One grandparent in Meridian, Idaho received a phone call from someone she thought was her grandson. He told her he was in jail in Hawaii and needed $4000 for a bond. He transferred the phone over to the captain of the Honolulu Detention Center to explain the whole situation in detail to her. He instructed her to purchase $4000 worth of iTunes gift cards at Best Buy and read the card numbers back to him which is what she did. The next day she called the captain and he told her to do the same thing again but with $2,000 worth of gift cards this time for court and other related fees. That day the captain said her grandson was released but not to call any other family member because her grandson wanted to tell them instead. The next day she discovered it was a scam when her real grandson called her.
The grandparent scam, also known as the stranded student scam, starts out when scammers contact seniors calling in distress. They tell them they got in a bad accident, usually somewhere out of state, and they need help. They ask the elderly person to send them money, but not to call their parents because they want to be the ones to tell them. When the grandparent asks who they’re speaking to the scammer usually says something along the lines of, “I’m your eldest grandchild!”
Some will get skeptical and ask a personal question to see if it’s really their grandchild or hang up and call their actual grandchild’s phone number or another relative to confirm their grandchild is safe. Others get nervous and follow their “grandparent instincts” and try to help their family and send money.
Relatives should follow these tips to avoid this scheme and ensure their family members are safe:
- Stay calm. Scammers want to see an emotional reaction from relatives. They intend to pull on your heartstrings to get you to transfer money quickly. Don’t fall for this. Take a few deep breaths and make sure to identify who you’re speaking with.

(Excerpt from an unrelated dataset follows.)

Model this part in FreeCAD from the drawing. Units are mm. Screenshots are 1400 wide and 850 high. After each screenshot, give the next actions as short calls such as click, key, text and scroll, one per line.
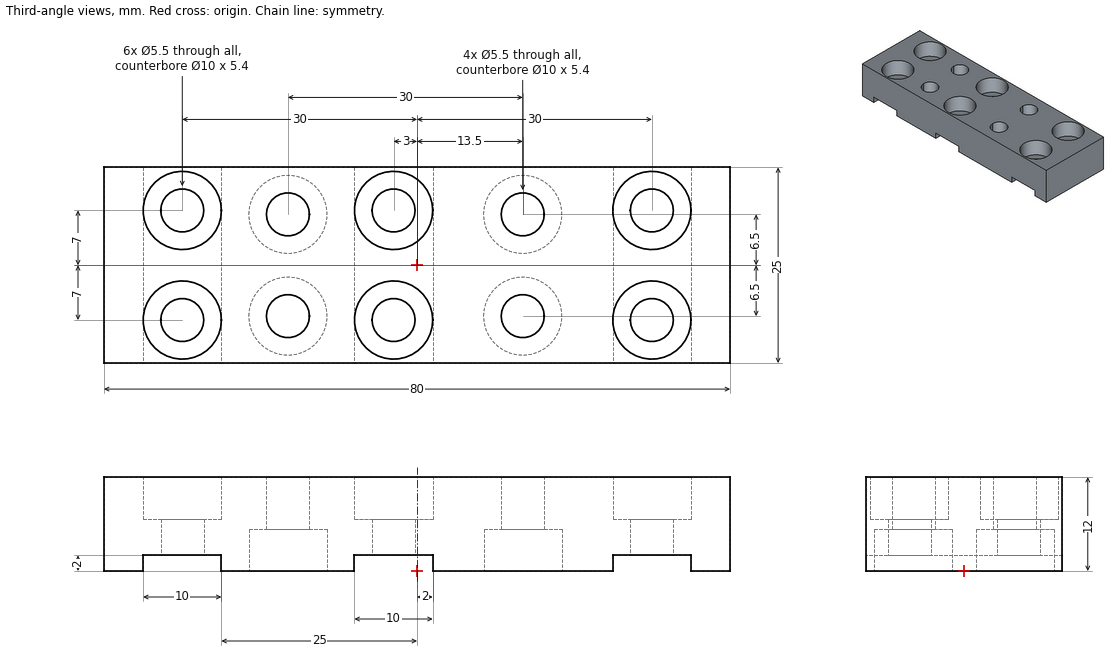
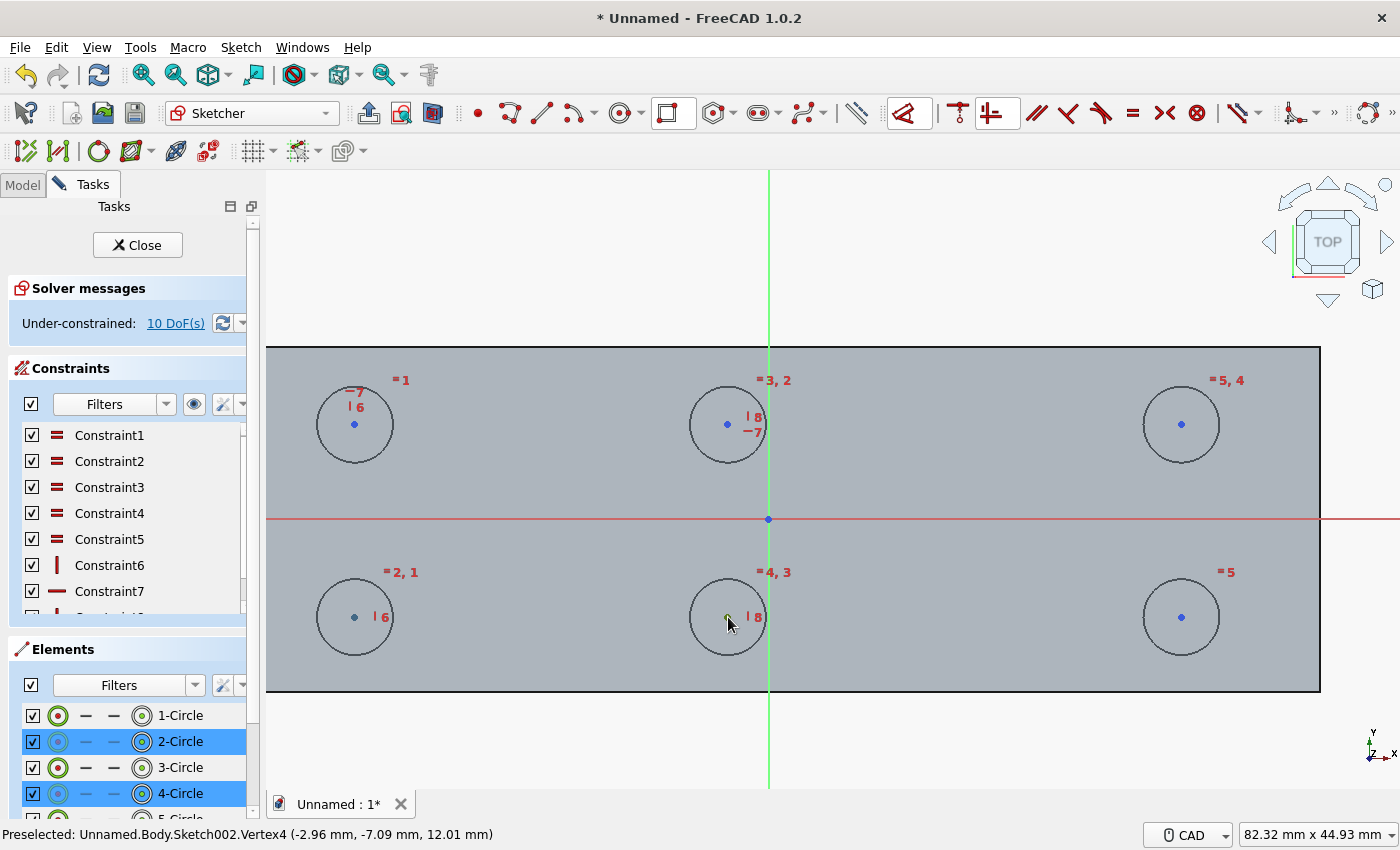
click(1014, 114)
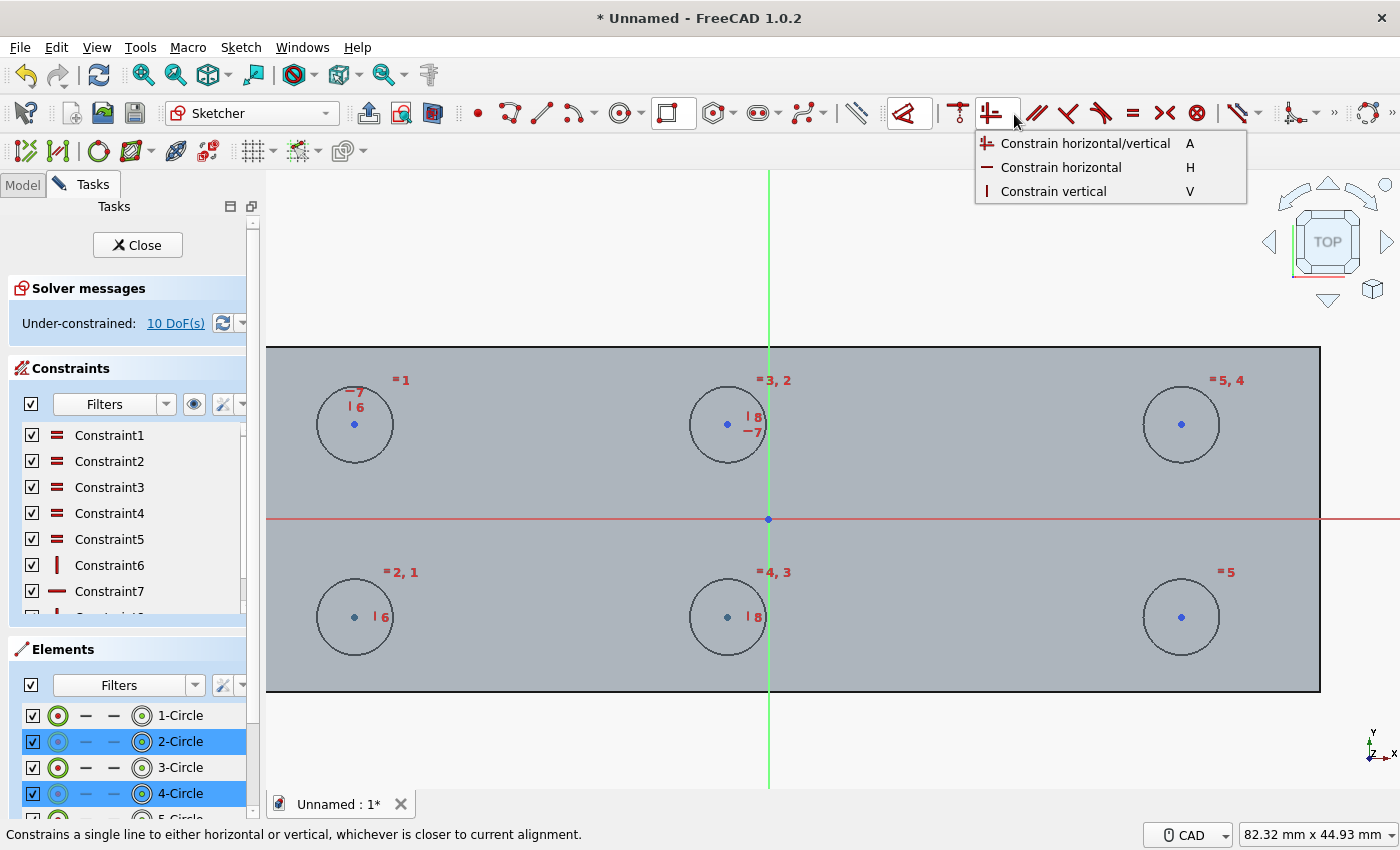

- Never wire money. Wiring money should be the first red flag relatives look out for. When you send money via wiring, pre-paid debit card or transferring there’s no way get it back.

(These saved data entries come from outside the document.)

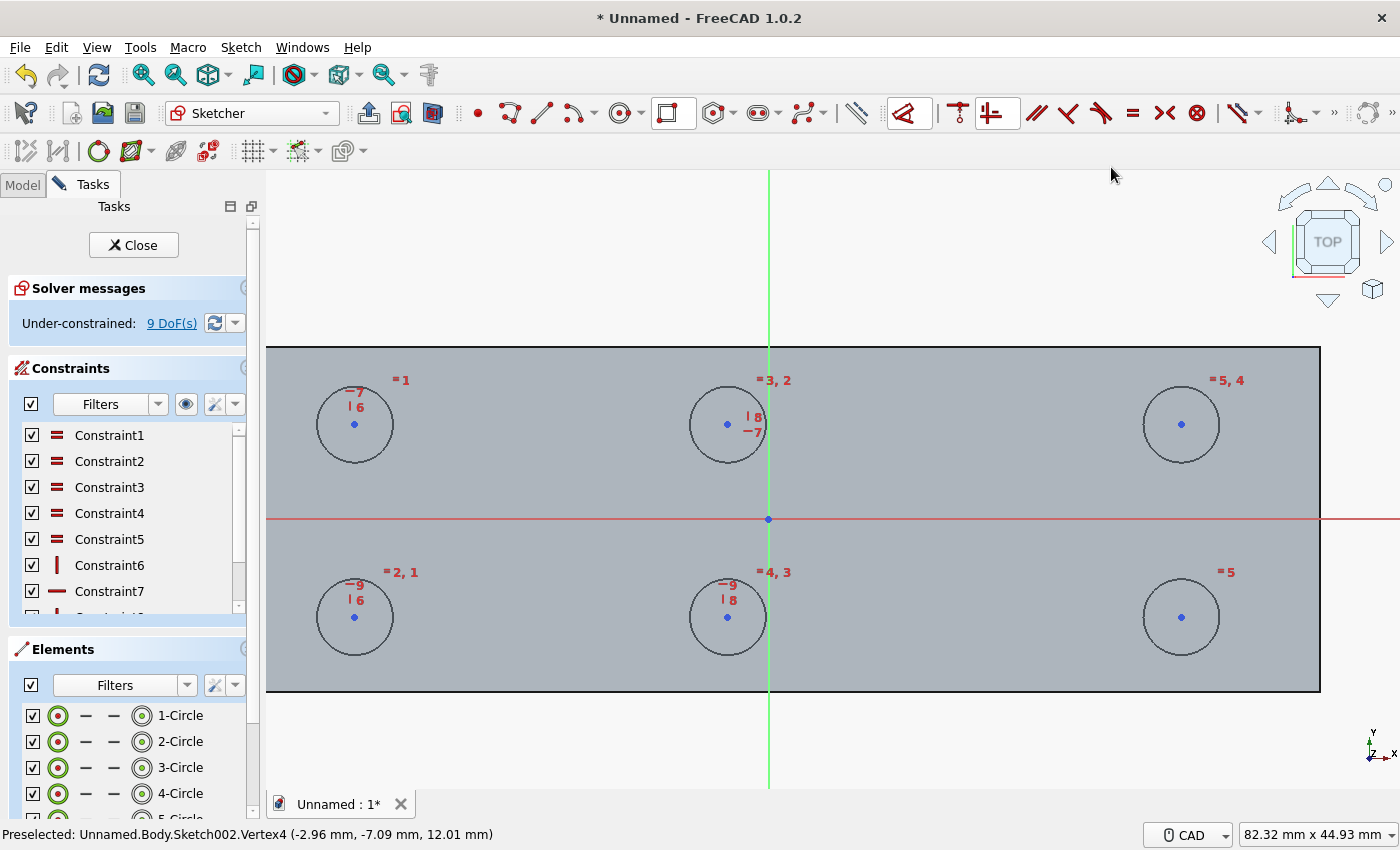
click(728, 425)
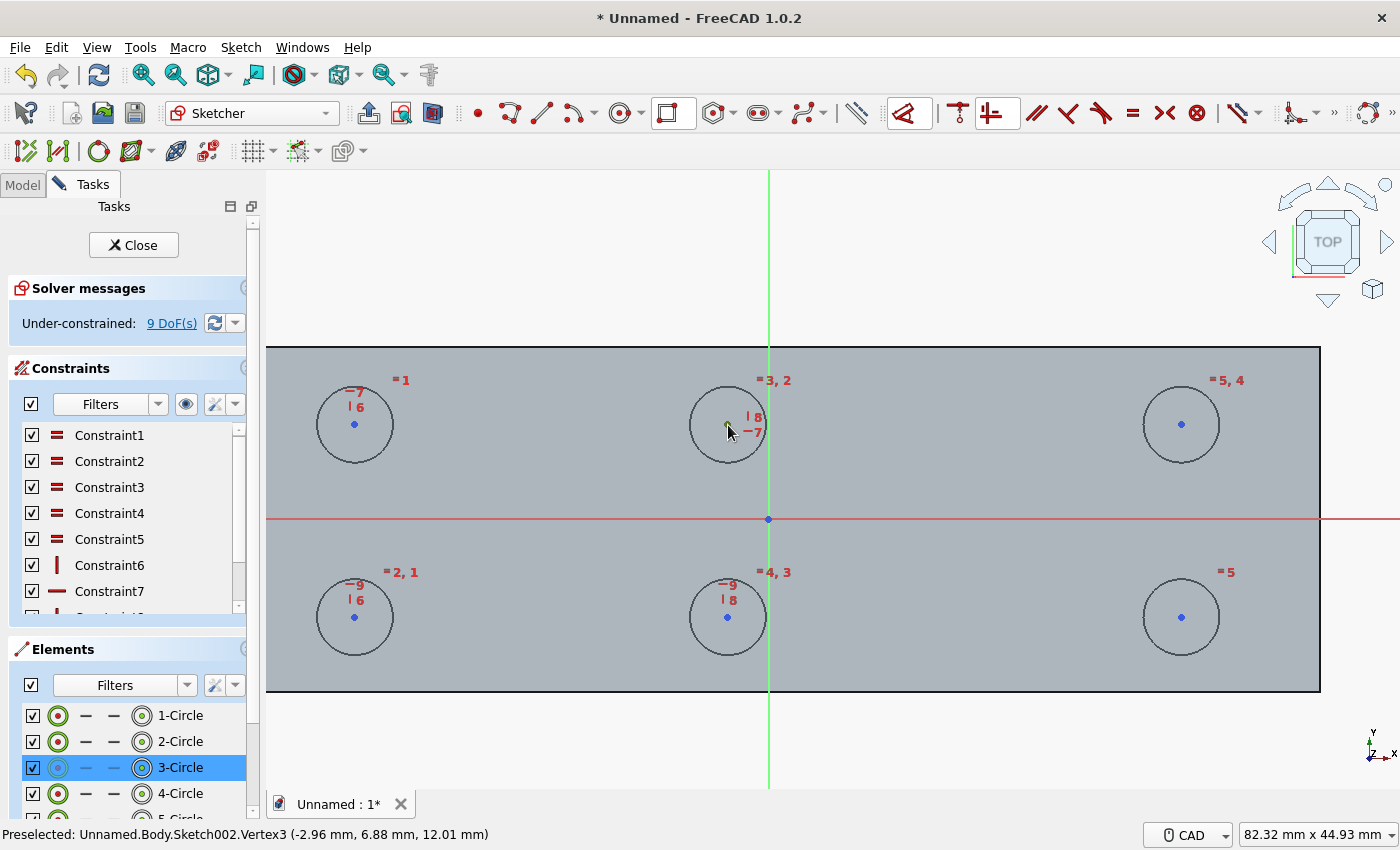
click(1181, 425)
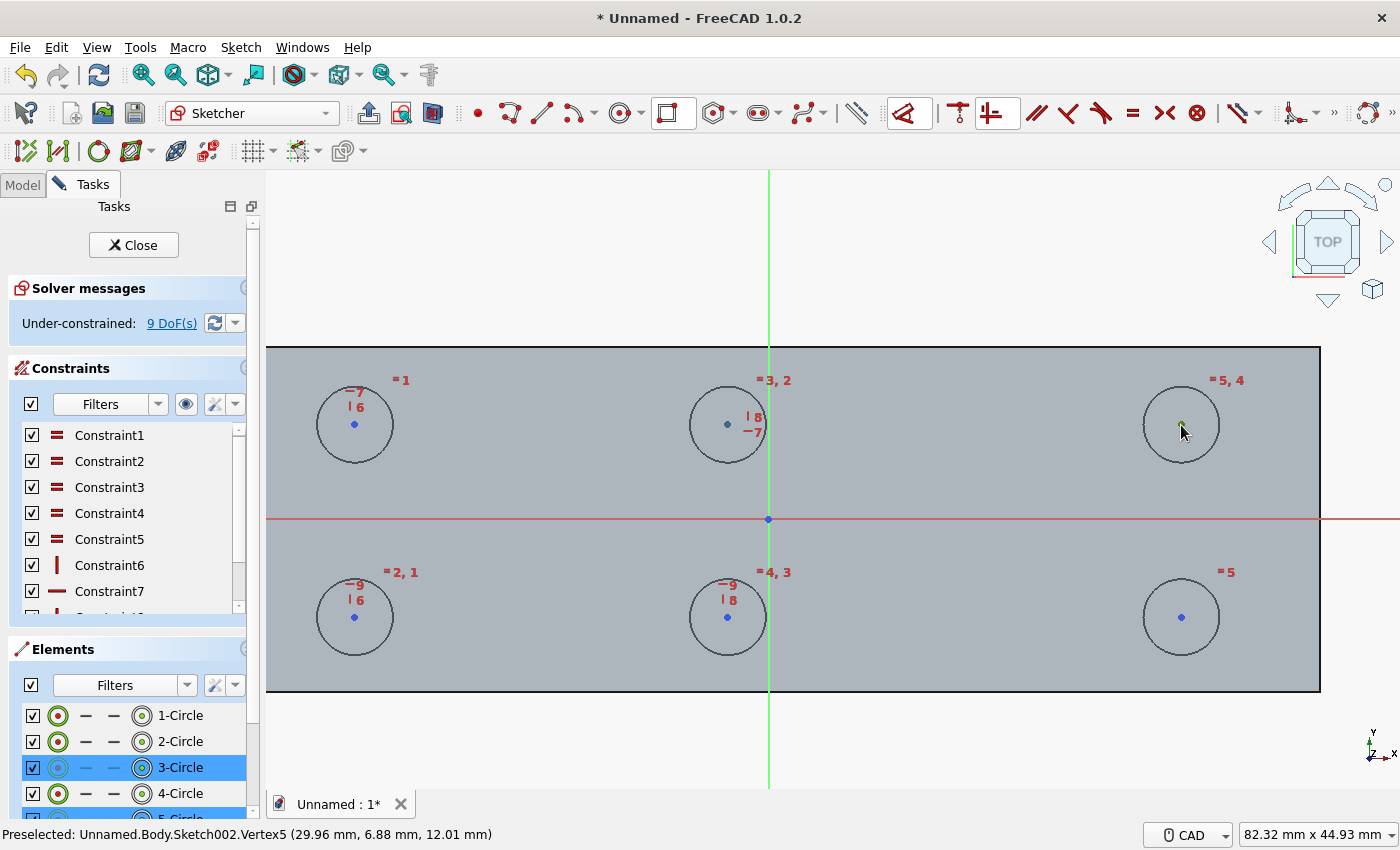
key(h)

- Ask a personal question. Before you make any transaction, make sure the caller is your grandchild or relative. Confirm their identity by asking a simple question that the grandchild would know instantly such as their middle name or birthday. Be careful not to reveal any personal information about either person.
- Discuss with family members. Even if the caller tells you not to contact their parents or any other family member, mention it to someone. Somehow, you’ll find out where the real grandchild is.
- Get in contact in different ways. Check your grandchild’s social media accounts. If they are excited about a vacation, chances are their millennial urges will kick in and they’ll post a picture of where they are. If they don’t post anything you could always try Facebook messaging, emailing or calling their actual cell phone number.
- Communicate. To avoid questioning this scam in the first place, make sure to have family members share their travel plans before they leave the state or country. To make sure older family members are aware of this scam, inform them on how the scam works.
With over 200 travel/vacation scams reported to BBB Scam Tracker in the Northwest, an estimated $50,00 was lost by consumers.
Whether you’re a teacher, student or anyone looking to escape for spring break, it can be tempting to purchase a great deal. BBB advises consumers planning a vacation for spring break to follow these tips:
- Use a website or company you can trust. Make sure to do your research and review business profiles and read customer reviews when picking out rentals or hotels. Check out travel agencies or search the Accredited Business Directory at bbb.org/northwest.
- Get details in writing. Confirm any reservations, costs, flights, hotel or rental reservations, cancellation policies or any other trip details in writing. This way you’ll have all your bases covered.
- Always pay with a credit card. Paying with a credit card adds additional protection if you are scammed. Other payments such as wiring money and pre-paid cards are harder to track and most of the time it’s impossible to get your money back.
- Be wary of vacation packages and deals. If you find a great deal online, remember, if a deal seems too good to be true, it probably is. Lottery/Sweepstakes scams are also very common. Watch out for phone calls, social media ads or emails telling you, “Congratulations! You have won a trip!” These are schemes to get your personal information or a couple hundred dollars, rather than actually giving you a free vacation.